A Vulkan renderer for RuneLite, as a replacement for
the stock OpenGL GPU plugin. It runs inside an unmodified client: no patches,
no fork, just a plugin that takes over DrawCallbacks. On macOS it renders
through MoltenVK, including Apple Silicon.
It also doubles as a Vulkan backend for other plugins. If you want to write something GPU-accelerated (post-processing, compute, custom passes) you can register a render extension and skip the painful parts: platform surfaces, swapchain recreation, frame sync, UI compositing.
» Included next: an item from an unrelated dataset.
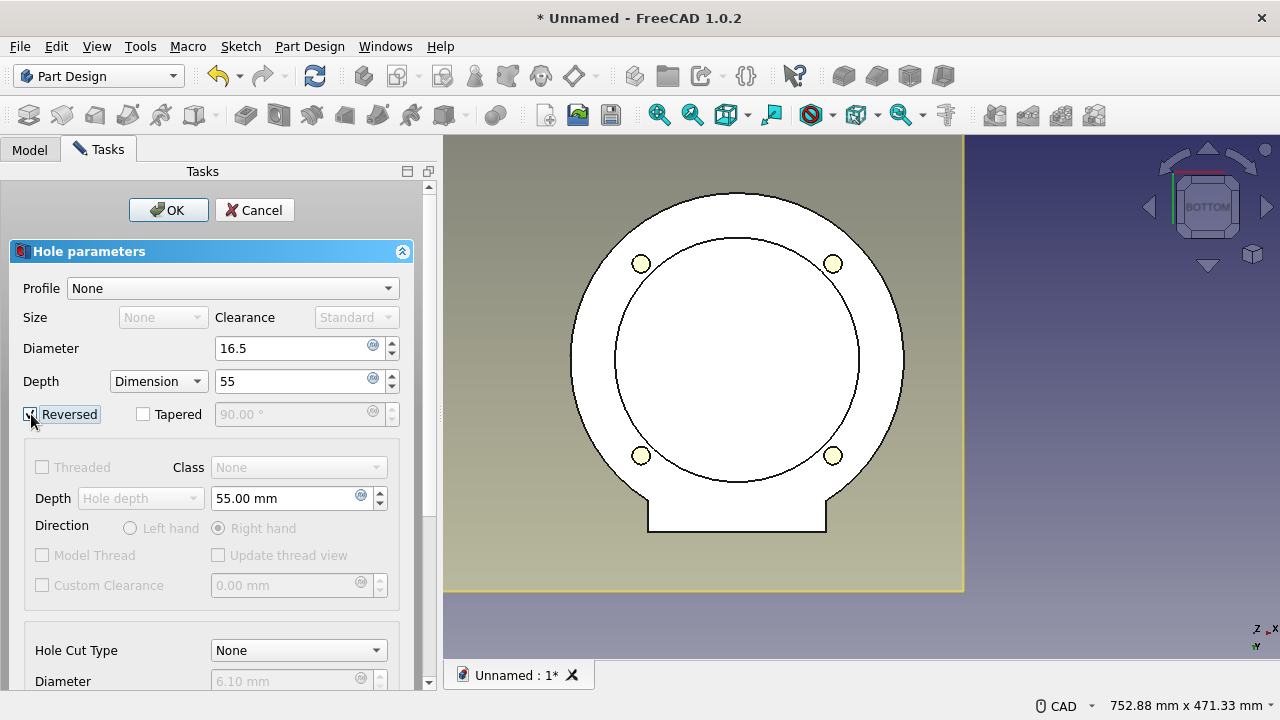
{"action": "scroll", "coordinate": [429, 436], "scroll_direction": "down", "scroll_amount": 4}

The bundled FSR 1.0 upscaler is written entirely against this public API, so there's a real worked example to crib from.
The renderer itself does what you'd expect from a GPU plugin and then some:
MSAA, anisotropic filtering, configurable draw distance with expanded map
loading, fog, skybox and roof handling, colour-blind modes, and FSR
upscaling (render the scene at reduced resolution, EASU + RCAS it back up,
composite the UI at full resolution). Normal overlays, infoboxes and the
CPU UI work as usual, and DrawManager screenshot consumers get a Vulkan
readback path. There's a plugin-by-plugin survey in
docs/COMPATIBILITY_MATRIX.md.
- Linux/X11: working (daily driver). Several open issues, see the issue tracker. The prior sidebar-collapse crash is mitigated by keeping an rlawt GLX context alive for AWT while Vulkan owns rendering.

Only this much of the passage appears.